In the perfect example of no alcohol my sa should be 51,000MB. Some alcohol is ok so I theorize a safe SA to be about 10,000MB for someone of my age (because it's a nice round number).

So there you have it.

 

Paully




msg:288812
 3:58 pm on Oct 13, 2002 (gmt 0)

LOL, that was a good for a post-drinking night laugh!

Thanks.

pmac




msg:288813
 7:12 pm on Oct 13, 2002 (gmt 0)

My thinking on this subject are that we, ummm, err, uhh. Jeez, I forgot what I was going to say. ;-)

JonB




msg:288814
 8:53 pm on Oct 13, 2002 (gmt 0)

lol, maybe he was writting still loaded :)it happeend to me when i came home few times and then checked some local forums and add highly "philosophical" some posts :)

alchochol and brain.. this reminds me of the Homer quote :

---
Oh, Lisa, you and your stories: Bart's a vampire, beer kills brain cells. Now let's go back to that... building...thingie... where our beds and TV... is.
---

well ,goodnight.

shelleycat




msg:288815
 11:27 pm on Oct 13, 2002 (gmt 0)

>Also consider that none of us are able to completely use our full brain power - humans simply haven't figured it out yet.

This statement has no basis in medical science. Humans have been shown to use all regions of their brain at various times, just not all of it at once. It's one of those common myths that float around and no one really konws how or why it got started.

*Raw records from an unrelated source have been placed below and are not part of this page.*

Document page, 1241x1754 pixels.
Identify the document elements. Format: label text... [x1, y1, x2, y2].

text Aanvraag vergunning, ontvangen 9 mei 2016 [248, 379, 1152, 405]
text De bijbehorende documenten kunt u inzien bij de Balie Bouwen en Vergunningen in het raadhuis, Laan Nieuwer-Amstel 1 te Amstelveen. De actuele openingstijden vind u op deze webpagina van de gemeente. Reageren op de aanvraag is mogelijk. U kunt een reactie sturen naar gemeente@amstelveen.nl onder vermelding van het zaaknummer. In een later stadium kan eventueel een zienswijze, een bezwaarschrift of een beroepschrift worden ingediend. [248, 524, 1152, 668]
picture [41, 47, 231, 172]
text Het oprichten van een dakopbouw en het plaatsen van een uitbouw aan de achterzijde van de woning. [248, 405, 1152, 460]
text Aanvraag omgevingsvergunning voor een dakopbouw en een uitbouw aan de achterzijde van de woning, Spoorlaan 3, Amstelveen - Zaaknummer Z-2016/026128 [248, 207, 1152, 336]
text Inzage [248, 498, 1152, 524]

Forgetting has been put forward as a mechanism to conserve energy and retain sanity rather than a simple overflow function - ie the info is still there but we can't always access it. Capacity isn't really the issue. It's the cataloging system and the access pathways to the information that limit recall rather than what's actually stored in there in the first place. These factors are damaged by cell death and degeneration due to age and reinforced through emotional stimuli and continual use, etc etc, thus increasing the complexity of the system.

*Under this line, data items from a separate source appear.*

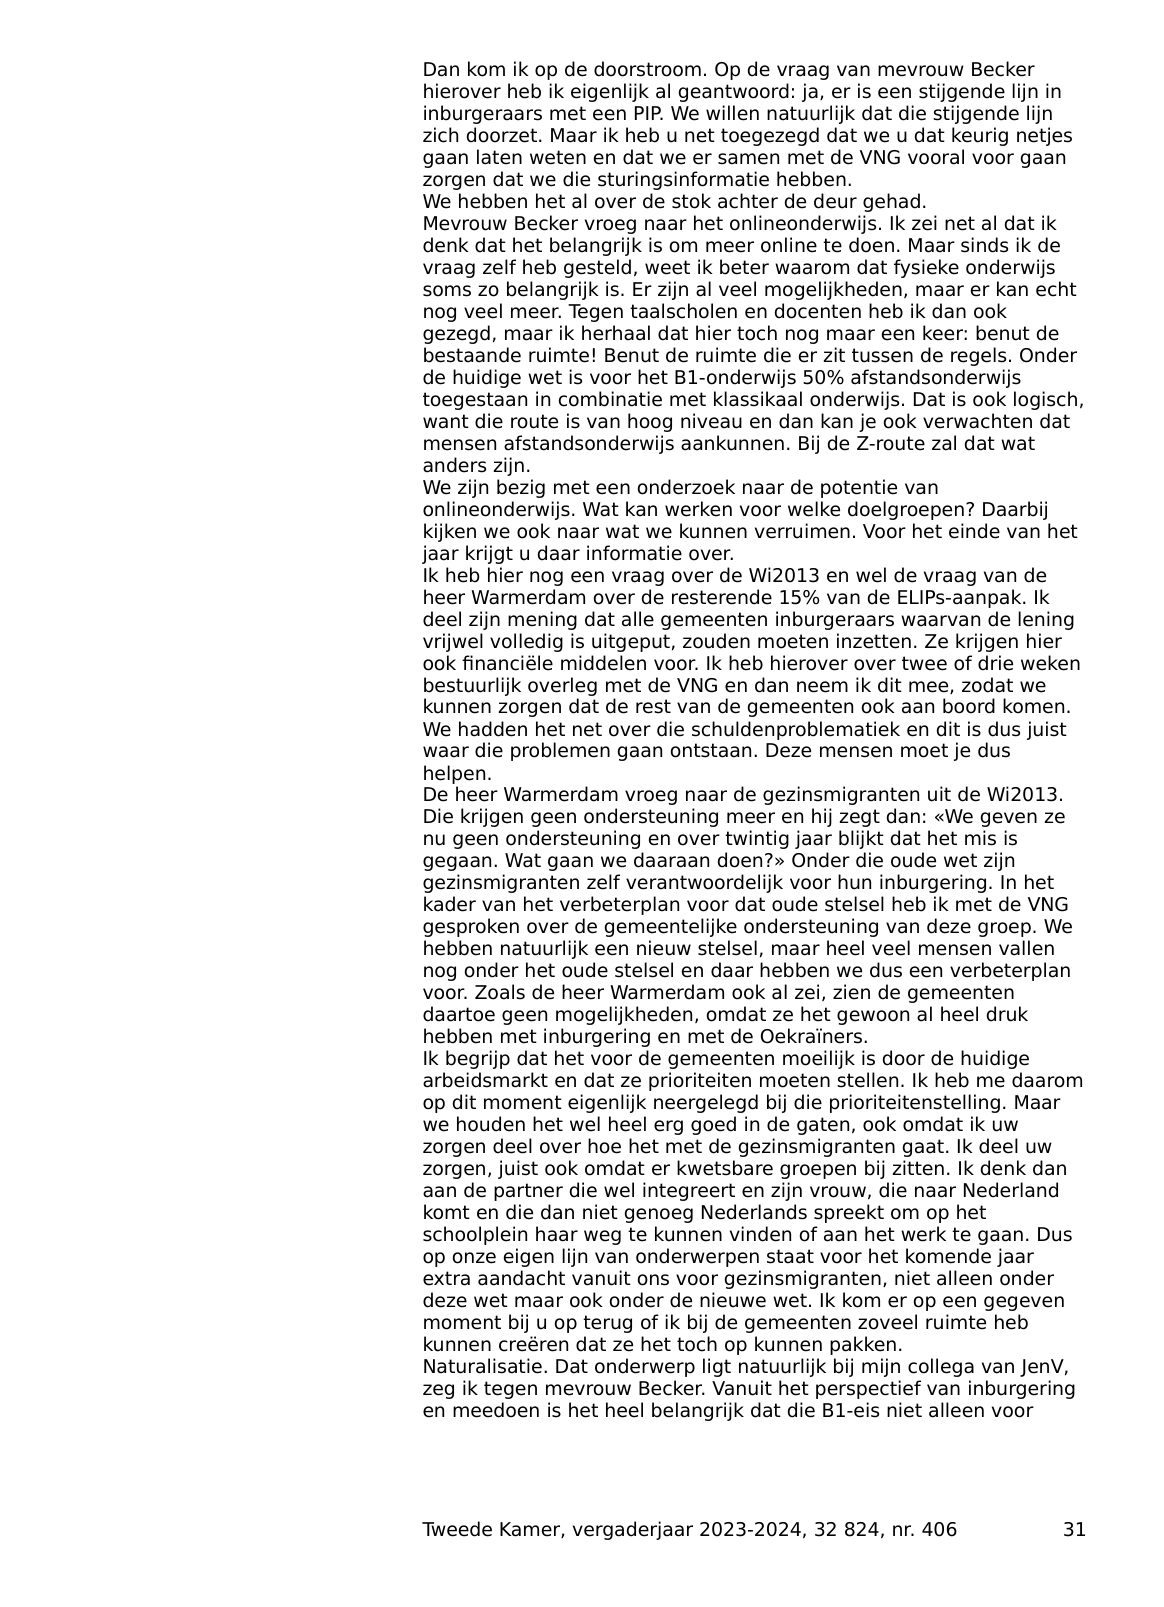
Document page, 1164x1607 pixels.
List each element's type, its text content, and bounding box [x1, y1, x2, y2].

text Naturalisatie. Dat onderwerp ligt natuurlijk bij mijn collega van JenV, zeg ik tegen mevrouw Becker. Vanuit het perspectief van inburgering en meedoen is het heel belangrijk dat die B1-eis niet alleen voor [422, 1356, 1087, 1422]
text We zijn bezig met een onderzoek naar de potentie van onlineonderwijs. Wat kan werken voor welke doelgroepen? Daarbij kijken we ook naar wat we kunnen verruimen. Voor het einde van het jaar krijgt u daar informatie over. [422, 477, 1087, 564]
text Dan kom ik op de doorstroom. Op de vraag van mevrouw Becker hierover heb ik eigenlijk al geantwoord: ja, er is een stijgende lijn in inburgeraars met een PIP. We willen natuurlijk dat die stijgende lijn zich doorzet. Maar ik heb u net toegezegd dat we u dat keurig netjes gaan laten weten en dat we er samen met de VNG vooral voor gaan zorgen dat we die sturingsinformatie hebben. [422, 59, 1087, 191]
text Mevrouw Becker vroeg naar het onlineonderwijs. Ik zei net al dat ik denk dat het belangrijk is om meer online te doen. Maar sinds ik de vraag zelf heb gesteld, weet ik beter waarom dat fysieke onderwijs soms zo belangrijk is. Er zijn al veel mogelijkheden, maar er kan echt nog veel meer. Tegen taalscholen en docenten heb ik dan ook gezegd, maar ik herhaal dat hier toch nog maar een keer: benut de bestaande ruimte! Benut de ruimte die er zit tussen de regels. Onder de huidige wet is voor het B1-onderwijs 50% afstandsonderwijs toegestaan in combinatie met klassikaal onderwijs. Dat is ook logisch, want die route is van hoog niveau en dan kan je ook verwachten dat mensen afstandsonderwijs aankunnen. Bij de Z-route zal dat wat anders zijn. [422, 213, 1087, 477]
text De heer Warmerdam vroeg naar de gezinsmigranten uit de Wi2013. Die krijgen geen ondersteuning meer en hij zegt dan: «We geven ze nu geen ondersteuning en over twintig jaar blijkt dat het mis is gegaan. Wat gaan we daaraan doen?» Onder die oude wet zijn gezinsmigranten zelf verantwoordelijk voor hun inburgering. In het kader van het verbeterplan voor dat oude stelsel heb ik met de VNG gesproken over de gemeentelijke ondersteuning van deze groep. We hebben natuurlijk een nieuw stelsel, maar heel veel mensen vallen nog onder het oude stelsel en daar hebben we dus een verbeterplan voor. Zoals de heer Warmerdam ook al zei, zien de gemeenten daartoe geen mogelijkheden, omdat ze het gewoon al heel druk hebben met inburgering en met de Oekraïners. [422, 784, 1087, 1048]
text We hebben het al over de stok achter de deur gehad. [422, 191, 1087, 213]
text Ik heb hier nog een vraag over de Wi2013 en wel de vraag van de heer Warmerdam over de resterende 15% van de ELIPs-aanpak. Ik deel zijn mening dat alle gemeenten inburgeraars waarvan de lening vrijwel volledig is uitgeput, zouden moeten inzetten. Ze krijgen hier ook financiële middelen voor. Ik heb hierover over twee of drie weken bestuurlijk overleg met de VNG en dan neem ik dit mee, zodat we kunnen zorgen dat de rest van de gemeenten ook aan boord komen. We hadden het net over die schuldenproblematiek en dit is dus juist waar die problemen gaan ontstaan. Deze mensen moet je dus helpen. [422, 564, 1087, 784]
text Ik begrijp dat het voor de gemeenten moeilijk is door de huidige arbeidsmarkt en dat ze prioriteiten moeten stellen. Ik heb me daarom op dit moment eigenlijk neergelegd bij die prioriteitenstelling. Maar we houden het wel heel erg goed in de gaten, ook omdat ik uw zorgen deel over hoe het met de gezinsmigranten gaat. Ik deel uw zorgen, juist ook omdat er kwetsbare groepen bij zitten. Ik denk dan aan de partner die wel integreert en zijn vrouw, die naar Nederland komt en die dan niet genoeg Nederlands spreekt om op het schoolplein haar weg te kunnen vinden of aan het werk te gaan. Dus op onze eigen lijn van onderwerpen staat voor het komende jaar extra aandacht vanuit ons voor gezinsmigranten, niet alleen onder deze wet maar ook onder de nieuwe wet. Ik kom er op een gegeven moment bij u op terug of ik bij de gemeenten zoveel ruimte heb kunnen creëren dat ze het toch op kunnen pakken. [422, 1048, 1087, 1356]

However when I went to university and learnt a whole bunch of cool stuff (like how we use our brains) I forgot the difference between left and right. My boyfriend has given me driving lessons and it's not pretty. So I think there is some overflow action involved too.

lorax




msg:288816
 2:12 am on Oct 14, 2002 (gmt 0)

This statement has no basis in medical science.

shelleycat - You are correct! Like I said, I know zero about medical science. That being said, the statement wasn't completely based on thin air. I'm pretty sure I got that idea from a respectable source (I believe it was National Geographic Magazine) although it was 20 years ago. I stand corrected - but my theory still stands! ;)

BTW - I do find the human brain to be a fascinating subject. I am totally in awe at how the human body works - let alone that it works at all.

shelleycat




msg:288817
 1:27 am on Oct 15, 2002 (gmt 0)

I am totally in awe at how the human body works - let alone that it works at all.

That's exactly how I feel :) Nicely put.

I do think you're on to something with the quantifying part and I'm sure I've read articles where people are trying to do similar things, i.e. set some kind of measure on the information capacity of our brains. But I think the emphasis is more on how to access that information rather than exatly how much is there. I'm sure this can still be expressed in computing terms although I'm not sure how.